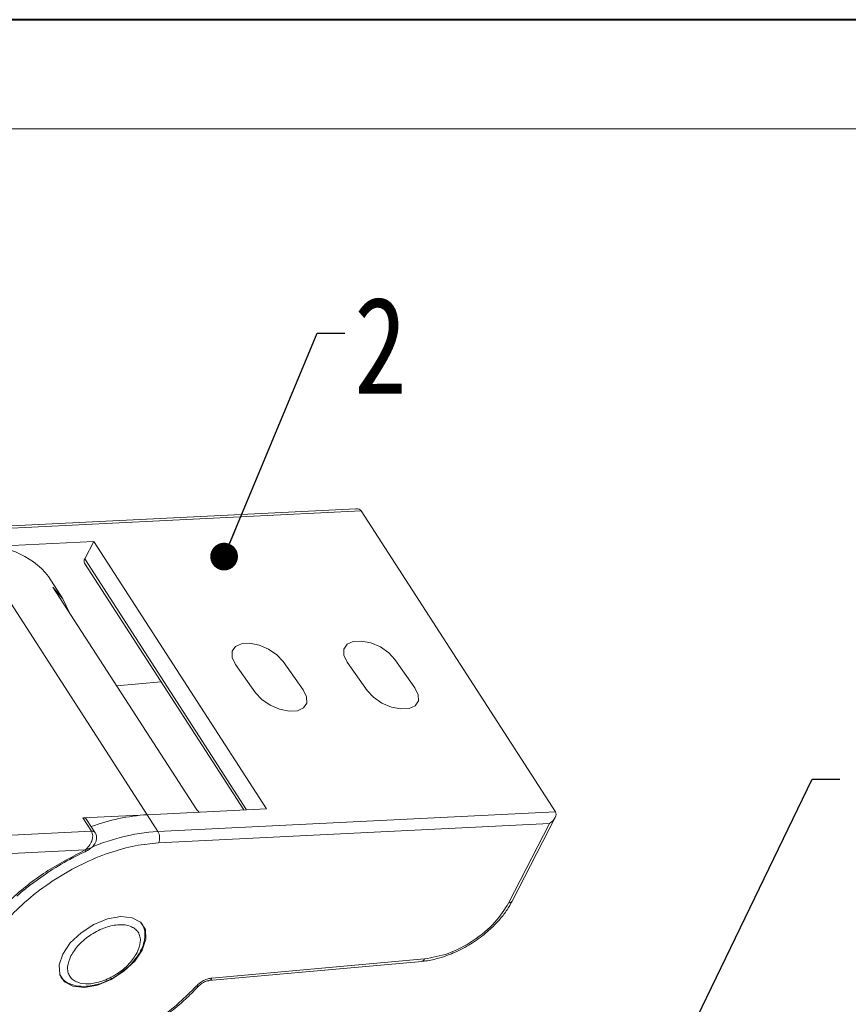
# Model space of a CAD drawing. Header units: millimetres. Extents: x 3075 to 3577, y -362 to -10.
# Tile 25 of 30: x 3420 to 3465, y -63 to -10. Entities that reach past the tile are written whole.
import ezdxf

# ---------------------------------------------------------------- set-up
doc = ezdxf.new("R2010")
doc.units = ezdxf.units.MM
doc.styles.get("Standard").update_dxf_attribs({"font": '仿宋_GB2312.ttf', "width": 0.8})
doc.dimstyles.new('副本 ISO-5', dxfattribs={"dimtxt": 3, "dimasz": 1.5, "dimexe": 1, "dimexo": 0.625, "dimgap": 0.5, "dimtad": 1, "dimtoh": 1, "dimdsep": 46, "dimtxsty": 'Standard', "dimcen": 2.5, "dimadec": 0, "dimazin": 0, "dimtfac": 1, "dimtmove": 0, "dimatfit": 3, "dimfxl": 0, "dimarcsym": 0})

msp = doc.modelspace()

# ---------------------------------------------------------------- linework, layer by layer
at = {"color": 7, "lineweight": 40}
msp.add_line((3572.13, -10.064), (3074.718, -10.064), dxfattribs=at)
at = {"color": 7, "lineweight": 13}
msp.add_line((3566.209, -15.986), (3104.326, -15.986), dxfattribs=at)
at = {"color": 7, "linetype": 'Continuous', "lineweight": 15}
for p, q in [((3438.387, -36.563), (3416.963, -37.624)), ((3417.149, -37.744), (3438.678, -36.678)), ((3438.678, -36.678), (3449.198, -52.977)), ((3424.192, -38.33), (3417.734, -38.649)), ((3423.703, -39.282), (3424.192, -38.33)), ((3433.543, -52.818), (3424.192, -38.33)), ((3417.734, -38.649), (3427.085, -53.138)), ((3432.474, -52.871), (3423.703, -39.282)), ((3423.693, -39.503), (3432.326, -52.878)), ((3422.523, -41.437), (3421.744, -40.23)), ((3429.766, -52.88), (3421.973, -40.807)), ((3440.505, -44.724), (3441.589, -46.261)), ((3432.958, -46.53), (3431.874, -44.992)), ((3434.455, -44.843), (3435.539, -46.38)), ((3439.009, -46.411), (3437.925, -44.874)), ((3425.422, -46.15), (3427.842, -45.931)), ((3427.085, -53.138), (3423.596, -53.31)), ((3423.596, -53.31), (3424.063, -54.035)), ((3427.085, -53.138), (3433.543, -52.818)), ((3427.669, -54.043), (3427.085, -53.138)), ((3449.198, -52.977), (3427.669, -54.043)), ((3429.895, -52.998), (3429.766, -52.88)), ((3446.857, -57.821), (3449.182, -53.289)), ((3424.269, -54.116), (3423.801, -53.391)), ((3427.7, -54.665), (3448.87, -53.616)), ((3448.87, -53.616), (3446.661, -57.922)), ((3424.063, -54.035), (3413.2, -54.573)), ((3424.265, -54.11), (3424.269, -54.116)), ((3413.249, -55.567), (3423.731, -55.048)), ((3430.429, -62.125), (3441.957, -61.084)), ((3442.112, -60.948), (3430.585, -61.989)), ((3425.476, -61.834), (3425.908, -61.497)), ((3429.87, -62.424), (3429.867, -62.427))]:
    msp.add_line(p, q, dxfattribs=at)
at = {"color": 7, "linetype": 'Continuous', "lineweight": 15, "flags": 128}
for points in [[(3421.973, -40.807), (3422.524, -41.439), (3422.871, -42.198)], [(3437.925, -44.874), (3437.743, -44.501), (3437.739, -44.164), (3437.912, -43.904), (3438.243, -43.752), (3438.691, -43.726), (3439.203, -43.83), (3439.715, -44.05), (3440.167, -44.361), (3440.505, -44.724)], [(3431.874, -44.992), (3431.693, -44.62), (3431.688, -44.283), (3431.862, -44.023), (3432.193, -43.871), (3432.641, -43.845), (3433.152, -43.948), (3433.665, -44.168), (3434.117, -44.479), (3434.455, -44.843)], [(3435.539, -46.38), (3435.72, -46.753), (3435.725, -47.089), (3435.551, -47.349), (3435.22, -47.502), (3434.772, -47.528), (3434.261, -47.424), (3433.748, -47.204), (3433.296, -46.893), (3432.958, -46.53)], [(3441.589, -46.261), (3441.771, -46.634), (3441.775, -46.971), (3441.601, -47.231), (3441.27, -47.383), (3440.822, -47.409), (3440.311, -47.306), (3439.798, -47.085), (3439.346, -46.775), (3439.009, -46.411)], [(3423.712, -55.148), (3423.723, -55.144), (3423.733, -55.126), (3423.736, -55.094), (3423.731, -55.048)], [(3422.513, -60.685), (3422.922, -60.087), (3423.503, -59.537), (3424.197, -59.089), (3424.936, -58.787), (3425.65, -58.66), (3426.267, -58.721), (3426.727, -58.964), (3426.986, -59.365), (3427.017, -59.884), (3426.819, -60.472), (3426.409, -61.069), (3425.829, -61.619), (3425.135, -62.067), (3424.395, -62.369), (3423.682, -62.496), (3423.065, -62.435), (3422.604, -62.192), (3422.346, -61.792), (3422.314, -61.272), (3422.513, -60.685)], [(3429.867, -62.427), (3429.862, -62.431), (3429.833, -62.441), (3429.792, -62.44), (3429.742, -62.426)]]:
    msp.add_lwpolyline(points, dxfattribs=at)
at = {"color": 7, "linetype": 'Continuous', "lineweight": 15}
for centre, radius, start, end in [((3418.37, -42.912), 4.31, 38.4888, 98.4962), ((3423.881, -39.401), 0.214, 146.0234, 208.339), ((3423.632, -53.518), 0.211, 36.974, 100.011), ((3427.789, -63.869), 10.755, 93.7533, 110.3175), ((3428.433, -65.161), 11.144, 93.932, 114.6015), ((3424.1, -54.245), 0.214, 39.3326, 99.7639), ((3427.085, -54.383), 0.676, 335.4428, 30.2318), ((3446.671, -57.701), 0.221, 267.2119, 327.1425), ((3441.917, -60.882), 0.206, 281.1673, 341.4356), ((3430.39, -61.924), 0.205, 280.6147, 341.4885)]:
    msp.add_arc(centre, radius, start, end, dxfattribs=at)
for centre, start_param, end_param in [((3438.155, -37.015), 3.141633, 3.92695), ((3448.675, -53.314), 1.570837, 3.141633)]:
    msp.add_ellipse(centre, major_axis=(-0.523, -0.337), ratio=0.577335, start_param=start_param, end_param=end_param, dxfattribs=at)
for points, knots in [([(3423.72, -55.146), (3423.798, -55.105), (3423.956, -55.024), (3424.13, -54.874), (3424.25, -54.716), (3424.328, -54.549), (3424.352, -54.376), (3424.326, -54.222), (3424.286, -54.148), (3424.265, -54.11)], [0, 0, 0, 0, 0.193695, 0.390951, 0.501943, 0.632307, 0.798882, 0.897194, 1, 1, 1, 1]), ([(3423.731, -55.048), (3423.802, -54.978), (3423.946, -54.837), (3424.069, -54.608), (3424.124, -54.42), (3424.137, -54.279), (3424.121, -54.146), (3424.082, -54.071), (3424.063, -54.035)], [0, 0, 0, 0, 0.247995, 0.498151, 0.630033, 0.748815, 0.87713, 1, 1, 1, 1]), ([(3418.028, -60.907), (3418.234, -60.545), (3418.66, -59.8), (3419.595, -58.679), (3420.751, -57.589), (3422.1, -56.601), (3423.556, -55.779), (3425.025, -55.175), (3426.431, -54.785), (3427.285, -54.704), (3427.7, -54.665)], [0, 0, 0, 0, 0.116516, 0.240011, 0.368641, 0.5, 0.631359, 0.759989, 0.883484, 1, 1, 1, 1]), ([(3417.167, -60.949), (3417.502, -60.384), (3418.184, -59.234), (3419.774, -57.586), (3421.653, -56.115), (3423.046, -55.4), (3423.731, -55.048)], [0, 0, 0, 0, 0.245823, 0.5, 0.754177, 1, 1, 1, 1]), ([(3421.83, -56.185), (3422.231, -55.935), (3422.639, -55.679), (3423.064, -55.468), (3423.072, -55.463)], [0, 0, 0, 0, 0.979266, 1, 1, 1, 1]), ([(3423.072, -55.463), (3423.23, -55.381), (3423.445, -55.269), (3423.663, -55.176), (3423.72, -55.151)], [0, 0, 0, 0, 0.735992, 1, 1, 1, 1]), ([(3420.026, -57.554), (3420.08, -57.505), (3420.328, -57.277), (3420.92, -56.805), (3421.487, -56.419), (3421.83, -56.185)], [0, 0, 0, 0, 0.09909, 0.454539, 1, 1, 1, 1]), ([(3446.661, -57.922), (3446.438, -58.276), (3445.975, -59.01), (3444.782, -59.995), (3443.405, -60.72), (3442.532, -60.874), (3442.112, -60.948)], [0, 0, 0, 0, 0.2407187, 0.5, 0.7592813, 1, 1, 1, 1]), ([(3445.65, -59.348), (3445.697, -59.306), (3445.902, -59.123), (3446.225, -58.77), (3446.591, -58.3), (3446.767, -57.977), (3446.853, -57.821)], [0, 0, 0, 0, 0.090465, 0.395971, 0.70644, 1, 1, 1, 1]), ([(3422.95, -60.788), (3423.077, -60.586), (3423.273, -60.273), (3423.688, -59.89), (3424.05, -59.624), (3424.442, -59.402), (3424.959, -59.189), (3425.584, -59.062), (3426.107, -59.132), (3426.426, -59.304), (3426.605, -59.498), (3426.707, -59.74), (3426.739, -60.102), (3426.617, -60.41), (3426.538, -60.61)], [0, 0, 0, 0, 0.119721, 0.184895, 0.25, 0.315174, 0.380279, 0.5, 0.619721, 0.684895, 0.75, 0.815174, 0.880279, 1, 1, 1, 1]), ([(3425.908, -61.497), (3425.963, -61.456), (3426.1, -61.354), (3426.319, -61.117), (3426.574, -60.803), (3426.795, -60.414), (3426.94, -60.004), (3426.977, -59.579), (3426.924, -59.219), (3426.799, -59.049), (3426.758, -58.994)], [0, 0, 0, 0, 0.06064, 0.149399, 0.294022, 0.439883, 0.594031, 0.753607, 0.920374, 1, 1, 1, 1]), ([(3444.715, -60.071), (3444.988, -59.883), (3445.317, -59.657), (3445.601, -59.394), (3445.65, -59.348)], [0, 0, 0, 0, 0.828246, 1, 1, 1, 1]), ([(3443.769, -60.582), (3443.8, -60.569), (3444.124, -60.436), (3444.434, -60.244), (3444.715, -60.071)], [0, 0, 0, 0, 0.092741, 1, 1, 1, 1]), ([(3426.538, -60.61), (3426.411, -60.812), (3426.214, -61.124), (3425.8, -61.508), (3425.437, -61.774), (3425.045, -61.995), (3424.528, -62.209), (3423.904, -62.336), (3423.38, -62.266), (3423.061, -62.094), (3422.882, -61.9), (3422.781, -61.657), (3422.749, -61.296), (3422.871, -60.987), (3422.95, -60.788)], [0, 0, 0, 0, 0.119721, 0.184895, 0.25, 0.315174, 0.380279, 0.5, 0.619721, 0.684895, 0.75, 0.815174, 0.880279, 1, 1, 1, 1]), ([(3441.96, -61.076), (3442.004, -61.074), (3442.275, -61.065), (3442.748, -60.953), (3443.312, -60.782), (3443.632, -60.642), (3443.769, -60.582)], [0, 0, 0, 0, 0.077611, 0.47499, 0.773491, 1, 1, 1, 1]), ([(3429.742, -62.426), (3429.443, -62.729), (3428.83, -63.348), (3427.735, -64.201), (3426.523, -64.975), (3425.23, -65.619), (3423.92, -66.102), (3422.653, -66.405), (3421.484, -66.525), (3420.435, -66.477), (3419.5, -66.268), (3418.689, -65.891), (3418.034, -65.339), (3417.581, -64.627), (3417.354, -63.785), (3417.363, -62.856), (3417.575, -61.888), (3417.879, -61.229), (3418.028, -60.907)], [0, 0, 0, 0, 0.059209, 0.121152, 0.185061, 0.25, 0.314939, 0.378848, 0.440791, 0.5, 0.559209, 0.621152, 0.685061, 0.75, 0.814939, 0.878848, 0.940791, 1, 1, 1, 1]), ([(3422.351, -61.817), (3422.393, -61.888), (3422.515, -62.099), (3422.875, -62.313), (3423.354, -62.443), (3423.849, -62.443), (3424.306, -62.358), (3424.706, -62.236), (3424.954, -62.116), (3425.075, -62.058)], [0, 0, 0, 0, 0.092557, 0.274541, 0.450579, 0.627236, 0.764804, 0.88403, 1, 1, 1, 1]), ([(3425.075, -62.058), (3425.104, -62.045), (3425.242, -61.984), (3425.372, -61.901), (3425.476, -61.834)], [0, 0, 0, 0, 0.203288, 1, 1, 1, 1]), ([(3430.585, -61.989), (3430.514, -62), (3430.368, -62.023), (3430.137, -62.121), (3429.917, -62.257), (3429.8, -62.371), (3429.742, -62.426)], [0, 0, 0, 0, 0.244762, 0.5, 0.755238, 1, 1, 1, 1]), ([(3429.87, -62.424), (3429.871, -62.423), (3429.891, -62.399), (3429.953, -62.342), (3430.021, -62.294), (3430.06, -62.267)], [0, 0, 0, 0, 0.016811, 0.446272, 1, 1, 1, 1]), ([(3430.06, -62.267), (3430.114, -62.235), (3430.189, -62.192), (3430.295, -62.153), (3430.369, -62.132), (3430.41, -62.128), (3430.428, -62.126)], [0, 0, 0, 0, 0.407786, 0.567037, 0.813103, 1, 1, 1, 1]), ([(3427.258, -64.595), (3427.642, -64.333), (3428.181, -63.965), (3428.909, -63.36), (3429.412, -62.907), (3429.736, -62.557), (3429.862, -62.421)], [0, 0, 0, 0, 0.401906, 0.563954, 0.831053, 1, 1, 1, 1])]:
    msp.add_open_spline(points, degree=3, knots=knots, dxfattribs=at)

# ---------------------------------------------------------------- texts
at = {"color": 5, "lineweight": 9, "insert": (3438.294, -25.075), "char_height": 5.25, "width": 3.28134, "attachment_point": 1}
msp.add_mtext('2', dxfattribs=at)

# ---------------------------------------------------------------- leaders
at = {"color": 5, "lineweight": 9}
for points in [[(3431.252, -39.153), (3436.294, -27.043), (3437.794, -27.043)], [(3449.957, -78.361), (3463.112, -51.216), (3464.612, -51.216)]]:
    msp.add_leader(points, dimstyle='副本 ISO-5', override={"dimgap": 0.5, "dimtad": 0, "dimldrblk": 'Dot'}, dxfattribs=at)

doc.saveas('drawing.dxf')

### YOUR OBJECTIVE
Beginning with the line that holds "degree=3, knots=knots, dxfattribs=at)" and ending with the last line of the listing, output every line exactly. Leave out everything else.

### FINISHED EXERCISE
    msp.add_open_spline(points, degree=3, knots=knots, dxfattribs=at)

# ---------------------------------------------------------------- texts
at = {"color": 5, "lineweight": 9, "insert": (3438.294, -25.075), "char_height": 5.25, "width": 3.28134, "attachment_point": 1}
msp.add_mtext('2', dxfattribs=at)

# ---------------------------------------------------------------- leaders
at = {"color": 5, "lineweight": 9}
for points in [[(3431.252, -39.153), (3436.294, -27.043), (3437.794, -27.043)], [(3449.957, -78.361), (3463.112, -51.216), (3464.612, -51.216)]]:
    msp.add_leader(points, dimstyle='副本 ISO-5', override={"dimgap": 0.5, "dimtad": 0, "dimldrblk": 'Dot'}, dxfattribs=at)

doc.saveas('drawing.dxf')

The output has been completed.